Lucy buries her fingers in its fur and pulls. The cat yowls and Mummy runs over, batting Lucy's hands away. It disappears through the window, leaving Lucy with two fistfuls of fur. Molly starts to cry.
"Lucy, you mustn't treat animals like that!" Mummy scolds. Angry tears form in Lucy's eyes.
"The kitty was mean," she snaps. "It's hot, Mummy, and the kitty was mean."
"No, Lucy, we don't do that."
"But you said —"
"That is not how we treat animals," Mummy repeats and Lucy stops arguing; Mummy doesn't understand.
But Daddy does.
Mummy calls him home from work early and he's walking through the front door not twenty minutes later.
He picks a still crying Molly up and kisses Lucy on the top of her head. "What's wrong?" he asks, turning to Mummy.
"She —" Mummy points an accusing finger at Lucy "— was torturing the cat!" Daddy looks at Lucy.
"Hi, Daddy," she says, smiling brightly. "Look!" She holds up the fur she's still clutching. Mostly, she's still holding it because it's stuck to her palms, but the fur feels nicer when it's not attached to the kitty with it's claws and teeth and hissing.
Daddy sighs. "What did you do, Lucy?"
"Mummy said the kitty was hot," Lucy says, deciding that it's now time to brush the fur off her hands. She concentrates on that, missing the annoyed look Mummy shoots her.
"No I didn't!" Mummy says.
"Kittythedding," Molly says cheerfully, tears forgotten. "Cauth ith hot."
Daddy took a deep breath. "You — you told them about shedding?"
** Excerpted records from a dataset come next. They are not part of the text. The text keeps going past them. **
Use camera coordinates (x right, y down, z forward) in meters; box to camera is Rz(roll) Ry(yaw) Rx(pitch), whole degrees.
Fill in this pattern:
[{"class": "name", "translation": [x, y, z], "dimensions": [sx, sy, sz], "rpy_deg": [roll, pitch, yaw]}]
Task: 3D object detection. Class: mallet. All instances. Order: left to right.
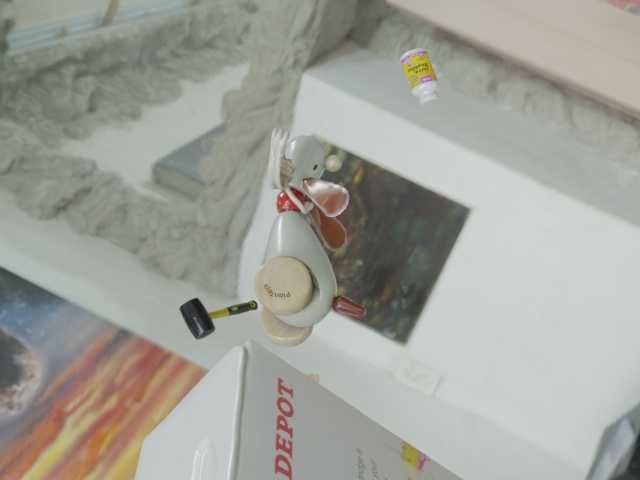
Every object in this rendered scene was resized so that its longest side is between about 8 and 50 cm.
[{"class": "mallet", "translation": [-0.164, 0.110, 1.539], "dimensions": [0.039, 0.062, 0.190], "rpy_deg": [-36, -6, 25]}]

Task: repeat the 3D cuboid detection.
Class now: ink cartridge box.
[{"class": "ink cartridge box", "translation": [0.026, 0.239, 0.602], "dimensions": [0.131, 0.306, 0.226], "rpy_deg": [-46, 22, 24]}]

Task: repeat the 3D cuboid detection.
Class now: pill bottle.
[{"class": "pill bottle", "translation": [0.155, -0.250, 1.441], "dimensions": [0.043, 0.043, 0.083], "rpy_deg": [90, 162, -80]}]

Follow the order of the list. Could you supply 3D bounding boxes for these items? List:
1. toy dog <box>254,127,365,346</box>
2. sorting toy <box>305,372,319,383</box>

"They asked why its fur was coming out."
"And you told them …" Daddy trails off.
Mummy opens and closes her mouth. Lucy giggles, reminded of the fish they have in her classroom. Daddy sighs again.
"Lucy —"
"I was helping," she says, smiling widely. It's that smile Mummy doesn't like — too many teeth and not enough up-turn of her lips — but Daddy always thinks it's funny.
"Lucy," he says again, and she frowns. Daddy isn't laughing. "You can't treat animals like that."
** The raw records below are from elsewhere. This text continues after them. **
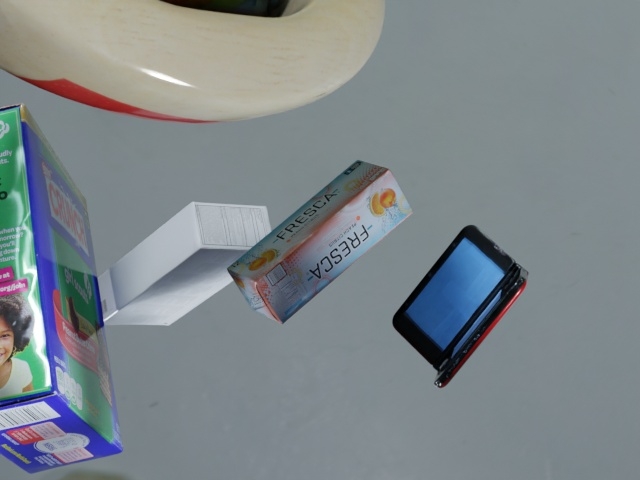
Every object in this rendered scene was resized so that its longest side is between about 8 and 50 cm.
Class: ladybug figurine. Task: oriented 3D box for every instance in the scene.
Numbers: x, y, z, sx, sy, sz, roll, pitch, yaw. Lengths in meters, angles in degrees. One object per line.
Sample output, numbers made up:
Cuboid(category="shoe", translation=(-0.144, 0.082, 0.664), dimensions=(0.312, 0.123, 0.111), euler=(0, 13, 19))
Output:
Cuboid(category="ladybug figurine", translation=(-0.134, -0.217, 1.201), dimensions=(0.162, 0.449, 0.305), euler=(-32, 65, 40))

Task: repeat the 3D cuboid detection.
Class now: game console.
Cuboid(category="game console", translation=(0.141, 0.066, 1.618), dimensions=(0.085, 0.124, 0.144), euler=(38, 100, 2))

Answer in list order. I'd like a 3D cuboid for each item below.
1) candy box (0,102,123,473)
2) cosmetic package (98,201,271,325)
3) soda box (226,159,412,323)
Cuboid(category="candy box", translation=(-0.312, 0.058, 1.643), dimensions=(0.122, 0.268, 0.317), euler=(-13, 69, 2))
Cuboid(category="cosmetic package", translation=(-0.158, 0.029, 1.740), dimensions=(0.239, 0.099, 0.060), euler=(-34, 59, 47))
Cuboid(category="soda box", translation=(0.000, 0.000, 1.530), dimensions=(0.183, 0.063, 0.058), euler=(-40, 120, -18))

Her chin quivers. "That's what Mummy said."
"Well, Mummy's right."
"But —"
"I know you only wanted to help," he says, putting Molly down and crouching in front of Lucy, "but you hurt the kitty." Lucy sniffs loudly, more angry and embarrassed than upset. "I know it was an accident Lucy, but you need to be more careful." Lucy nods, and reaches up her arms so Daddy will pick her up. He does, and she buries her head in the crook of his neck, thinking.
(Later, when the kitty disappears, Daddy will help Molly and Lucy make MISSING posters and stick them up on lampposts and trees using Granddad's stapler. No one will answer.)
.oOo.
So the littlest little girl made it so the kitty couldn't bite and scratch and hiss. But that made the bigger little girl sad, so the littlest little girl decided to do something nice.
.oOo.
Mummy yells at Lucy whenever she sits too close to the big fan, so Daddy gave her a hand-held one before he left for work. It doesn't do the voices, but it's bright orange and the spinning part is green. Lucy doesn't like green, but she likes it with the orange.
She holds it closer to her face, letting the spinning part brush against her lips. The blades are made of a soft plastic that bends and slows the spinning when it touches her. It tickles.
"Molly," she calls, standing. Today, Mummy and Molly are reading a book about a dragon and a princess. Lucy was supposed to be listening, but her fan is more fun.
"Sit down, Lucy," Mummy says. "Listen to the story." Lucy sits down again, but the story is still boring so she runs the blades of her fan across the carpet. It leaves a line of disturbed fabric.
"Molly," Mummy says, "keep reading to Lucy while I make lunch." Lucy doesn't know how long it's been, but she has a drawing of a house on the carpet now. She is playing out front with Daddy — they're square, though, because she hadn't been able to draw a circle properly — and Molly is in her room. Mummy is hovering above the house with the kitty.
Molly reads slowly and stumbles over the words. Lucy quickly grows frustrated. It's boring and Molly sounds to serious to be having fun, so she must think so too.
"Look, Molly," she says, holding out her fan.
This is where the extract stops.